Thursday, February 8, 2007

an internal battle: the war begins

I'm not sure why I feel compelled to share this next post. (Haha...I just spelled "poast" accidently and it made me think of toast...and then I got hungry..) Maybe it's because I'm stalling to write my lesson on healthy teeth for my first graders tomorrow. :) Maybe it's because I'm jittery after the coffee I just drank and need to exercise my fingers. But maybe it's because I'm finding that every time I share a little bit more of my story, it hurts a little less--and gets me one step closer to reclaiming much surrendered ground from the enemy--ground that never should have been his in the first place. Maybe you've been there, maybe you haven't...or maybe you've experienced this same kind of attach from Satan in a different area of your life. The words that are about to follow are not easy to share. At one point the truth of my circumstances hurt my heart more than ever. But they are also healing words--words of a PAST that as of January 1, 2007, I have been DELIVERED from; completely FREED from--and words that brought me into the greatest LOVE relationship of my life with Jesus Christ, my one and only.

So here it goes...my first journal after returning from Passion '07 in Atlanta.. (forgive me, sometimes I talk to my journal like it can answer me back. *grin*)

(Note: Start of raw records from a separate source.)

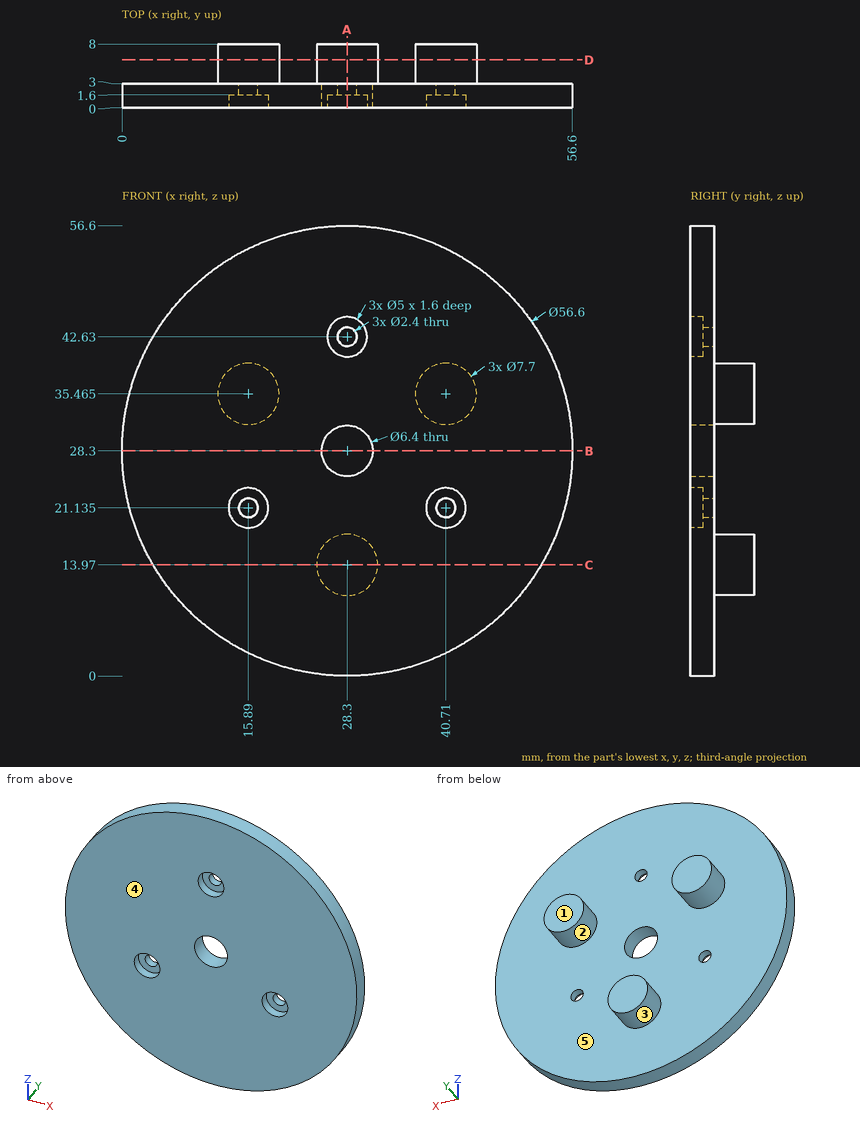
Answer from the drawing. Dimensions are ordinates in mm from the lowest x, y and z of the part. A direction names the side the tool comes from. Round coordinates to 2 decimals unless told otherwise and drop trailing zeros. Write each loop counter-clockwise with the first axis right and the second up, starting at its lowest first coordinate (ties: lowest second). Pieces come first, ordered by that corner, then holes. Notation, with made-up numbers: (8, 71.5) -> (18, 71.5) arc R26 cw to (18, 107.5) -> close; hole circle Ø1 at (-35.75, -32). An arc over 180 degrees is marked (long way). Answer in a Markdown table with one row per item. Add a question column.
1) Find section C-C, the plane z = 13.97. Determine the outline of the cut face in (x, y).
2) Find section D-D, the plane y = 6. Determine the outline of the cut face in (x, z) (3 decimals).
3) Given P1, Ø1.5, axis at x = 42.5, y = 5, coming from the +Z side; P2, Ø4, axis at x = 28.3, z = 42.63, coming from the -Y side; P3, Ø1, axis at x = 14, z = 29, coming from the +Y side, each flat-ended and moving along its own axis, determine where each tip first touches the part or whether it passes through.
4) Consider line 1 (Y direction, x = 37, z = 5); line 2 (X direction, y = 1.75, z = 30); line 3 (X direction, y = 1, z = 26) (1 decimal). Determine where each line is inside the solid, lowest interval first.
5) Find section B-B, the plane z = 28.3. Determine the outline of the cut face in (x, y).
6) Determine the mould class of the marked faces 1, 2 and 3 for opening direction X: pulls with the +X half, pulls with the -X half, needs draft (parallel to the pull), parting line crosses it, or undercut.
7) Find section A-A, the plane x = 28.3. Determine the outline of the cut face in (y, z).
8) Which of the six approach directions +Z, -Z, +X, -X, +Y, -Y give full straight-line access (tool end or side, diameter ignored) to the marked faces 4 and 5?
Findings below:
| question | item | result |
|---|---|---|
| 1 | outline | (3.9, 0) -> (52.7, 0) -> (52.7, 3) -> (32.15, 3) -> (32.15, 8) -> (24.45, 8) -> (24.45, 3) -> (3.9, 3) -> close |
| 2 | outline | circle Ø7.7 at (15.89, 35.465); circle Ø7.7 at (28.3, 13.97); circle Ø7.7 at (40.71, 35.465) |
| 3 | P1 | z = 39.17 |
| 3 | P2 | y = 1.6 |
| 3 | P3 | y = 3 |
| 4 | line 1 | 0 to 3 |
| 4 | line 2 | 0.05 to 25.59, 31.01 to 56.55 |
| 4 | line 3 | 0.1 to 26.1, 30.5 to 56.5 |
| 5 | outline | (0, 0) -> (25.1, 0) -> (25.1, 3) -> (0, 3) -> close; (31.5, 0) -> (56.6, 0) -> (56.6, 3) -> (31.5, 3) -> close |
| 6 | face 1 | needs draft |
| 6 | face 2 | undercut |
| 6 | face 3 | parting line crosses it |
| 7 | outline | (0, 0) -> (3, 0) -> (3, 10.12) -> (8, 10.12) -> (8, 17.82) -> (3, 17.82) -> (3, 25.1) -> (0, 25.1) -> close; (0, 31.5) -> (3, 31.5) -> (3, 41.43) -> (1.6, 41.43) -> (1.6, 40.13) -> (0, 40.13) -> close; (0, 45.13) -> (1.6, 45.13) -> (1.6, 43.83) -> (3, 43.83) -> (3, 56.6) -> (0, 56.6) -> close |
| 8 | face 4 | +Z, -Z, +X, -X, -Y |
| 8 | face 5 | +Y |

"I can't tell you what joy I have in my heart as I write this. I just returned from the Passion '07 Conference where my life was forever changed. I mean FOREVER CHANGED. I am NOT the most articulate gal God ever created (don't worry...we've talked it through and He's ok with that), so you will have to bear with me as I stumble through this. As I sit here writing, I am clutching a kleenex in my hand to catch the ocean of tears that are streaming down my face. They are the happiest, most wonderful tears I have ever cried in my life.

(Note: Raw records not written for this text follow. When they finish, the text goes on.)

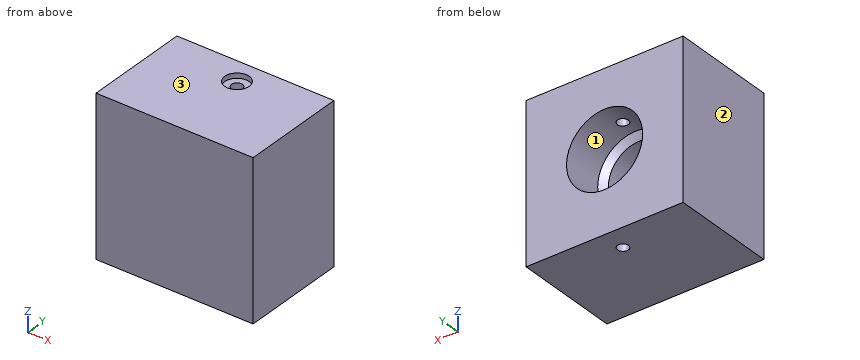
from build123d import *

# Parameters (mm, degrees)
SKETCH2_W                                           = 25.4
SKETCH2_H                                           = 17.146948585
BOSS_EXTRUDE1_DEPTH                                 = 12.7
F_7_16_20_TAPPED_HOLE1_D                            = 9.92124
F_7_16_20_TAPPED_HOLE1_DEPTH                        = 12.235907381
F_7_16_20_TAPPED_HOLE1_TIP                          = 2.980641204
F_7_16_CLEARANCE_HOLE3_D                            = 12.30376
F_7_16_CLEARANCE_HOLE3_DEPTH                        = 6.604
F_7_16_CLEARANCE_HOLE3_TIP                          = 3.696422425
CBORE_FOR_0_BINDING_HEAD_MACHINE_SCREW1_D           = 1.778
CBORE_FOR_0_BINDING_HEAD_MACHINE_SCREW1_CBORE_D     = 3.97002
CBORE_FOR_0_BINDING_HEAD_MACHINE_SCREW1_CBORE_DEPTH = 0.8128


with BuildPart() as part:
    # Sketch2 → Boss-Extrude1 (new, symmetric)
    with BuildSketch(Plane(origin=(0, 0, 0), x_dir=(0, 0, -1), z_dir=(1, 0, 0))):
        with Locations((0.311038218, -8.573474293)):
            Rectangle(SKETCH2_W, SKETCH2_H)
    extrude(amount=BOSS_EXTRUDE1_DEPTH, both=True)

    # 7/16-20 Tapped Hole1
    with Locations(Plane(origin=(0, 0, 0), x_dir=(1, 0, 0), z_dir=(0, 1, 0))):
        with Locations((0, 0)):
            Hole(F_7_16_20_TAPPED_HOLE1_D / 2, depth=F_7_16_20_TAPPED_HOLE1_DEPTH)
            with Locations((0, 0, -(F_7_16_20_TAPPED_HOLE1_DEPTH + F_7_16_20_TAPPED_HOLE1_TIP / 2))):  # 118° drill point
                Cone(0, F_7_16_20_TAPPED_HOLE1_D / 2, F_7_16_20_TAPPED_HOLE1_TIP, mode=Mode.SUBTRACT)

    # 7/16 Clearance Hole3
    with Locations(Plane(origin=(0, 0, 0), x_dir=(1, 0, 0), z_dir=(0, 1, 0))):
        with Locations((0, 0)):
            Hole(F_7_16_CLEARANCE_HOLE3_D / 2, depth=F_7_16_CLEARANCE_HOLE3_DEPTH)
            with Locations((0, 0, -(F_7_16_CLEARANCE_HOLE3_DEPTH + F_7_16_CLEARANCE_HOLE3_TIP / 2))):  # 118° drill point
                Cone(0, F_7_16_CLEARANCE_HOLE3_D / 2, F_7_16_CLEARANCE_HOLE3_TIP, mode=Mode.SUBTRACT)

    # CBORE for #0 Binding Head Machine Screw1 (through all)
    with Locations(Plane(origin=(0, -3.914304801, 12.388961782), x_dir=(1, 0, 0), z_dir=(0, 0, 1))):
        with Locations((0, 0)):
            CounterBoreHole(CBORE_FOR_0_BINDING_HEAD_MACHINE_SCREW1_D / 2, CBORE_FOR_0_BINDING_HEAD_MACHINE_SCREW1_CBORE_D / 2, CBORE_FOR_0_BINDING_HEAD_MACHINE_SCREW1_CBORE_DEPTH)


solid = part.part
Design review of the part built by this model. Coordinates are the model's own, in mm. Face numbers are marked on the shaded views. Coordinates: 2 decimals unless noted, no trailing zeros. Order: outer loops, then holes, each group sorted by start corner. A loop starts at its lowest first (then second) coordinate and runs counter-clockwise, first axis right, second up. Notation, with made-up numbers: (34.25, 38.25) -> (92.25, 38.25) arc R24 cw to (92.25, 68.25) -> close; hole circle Ø3 at (87.5, 88). An arc over 180 degrees is marked (long way). Use one line per item in the form item = value. Start each with the question number.
(1) The part is to be moulded in two halves that separate along Z. For the marked faces 1, 2 and 3, say which applies: +Z half, -Z half, draft (parallel to the pull), parting line (faces both ways), or undercut.
(2) For probe 1 along Z at (x, y) = (0, -6.25); probe 2 along Y at (x, z) = (0, 7.5); probe 3 along X at (y, z) = (-10.25, 1.75), list the stretches that pass through material, from the lowest coordinate up.
(3) Insertion check: pin 1 (7.5 mm diameter, centred on x = 0, z = 0, fed in from +Y); pin 2 (1.4 mm diameter, centred on x = 0, y = -3.91, fed in from +Z). Each pin has a flat end and moves straight along its axis. Give the tip position at first contact, or say it passes through.
(4) Add section B-B on x = 0.5. Give the number of separate pieces and of enclosed holes in the cut face, plus the area to 3 significant figures.
(5) Add section C-C on y = -10.5. State the section outline as (x, z) points, plus the area to 3 significant figures.
(6) Add section A-A on y = -6.25. State the section outline as (x, z) points.
Answer block:
q1.face_1 = undercut
q1.face_2 = draft
q1.face_3 = +Z half
q2.probe_1 = -13.01 to -6.15, 6.15 to 12.39
q2.probe_2 = -17.15 to -4.8, -3.03 to 0
q2.probe_3 = -12.7 to -4.64, 4.64 to 12.7
q3.pin_1 = -12.96
q3.pin_2 = through
q4.separate_pieces = 3
q4.enclosed_holes = 0
q4.area = 263 mm²
q5.outline = (-12.7, -13.01) -> (12.7, -13.01) -> (12.7, 12.39) -> (-12.7, 12.39) -> close; hole circle Ø9.92 at (0, 0)
q5.area = 568 mm²
q6.outline = (-12.7, -13.01) -> (12.7, -13.01) -> (12.7, 12.39) -> (-12.7, 12.39) -> close; hole circle Ø12.3 at (0, 0)

I have struggled with issues of insecurity and self-esteem for as long as I can remember. By the grace of God I never had the desire to experiment with my wild side in high school and so never had to deal with any major struggles of drugs or alcohol--I just had no interest what-so-ever. The devil KNEW where to get me though. I honestly can not remember a single day where I walked out of the house feeling 'pretty' and was constantly eaten away by the (what I now know are)-->lies in my head that told me I was worthless, had no value, and meant nothing to anybody--except my family, who had to love me cause they were my family. I never really 'fit' in anywhere with a particular friend group. I was just sort of a wall flower that got lost in the shadows of everyone else.

I know that most girls struggle with image issues or self-esteem battles, but for me, this was the largest stronghold of my life. I can remember going all day without food. I never ate breakfast and would skip lunch to 'do homework', and then go bust my tail at either soccer, volleyball, or basketball practice...followed by some more running at the walking park near my house...you know, just in case I happened to breathe in some calories from a piece of gum when someone walked by.

I can just remember those thoughts of 'you will never be good enough', 'you are too fat', and 'you're so ugly' as I tried on clothes and refused to by them if they were past a certain number. Whenever I felt too full, I would go upstairs to the bathroom and stand over the toilet in an absolute war with myself--hoping that I had the courage to go through with it, and praying that I didn't. The Lord is the only explanation for why I never was able to give myself the eating disorder my flesh so desired. Praise the Lord for He is faithful even when we are not!

This past fall, I attended the Women of Faith 'Contagious Joy' Conference in Charlotte...and contagious joy I caught. Well, for like a week. I quickly fell right back down into my pit of lies--worrying that I would never fully know God's plan for my life because I couldn't (well-wouldn't) trust the things that He said about me long enough to stand on my own two feet. As ludicrous as it sounds, I REALLY thought that I was the one person God could not use or love, and that my mistakes were unforgivable.

The problem for me was never not-knowing the truths that God said about me--it was that I didn't believe them. I was so far into the enemies lies, he had me making up new lies myself that I SO believed had to be true--even though they could not have been farther from the truth. The enemy was prepared to kill, steal, and destroy me...and so far, I hadn't put up much of a fight."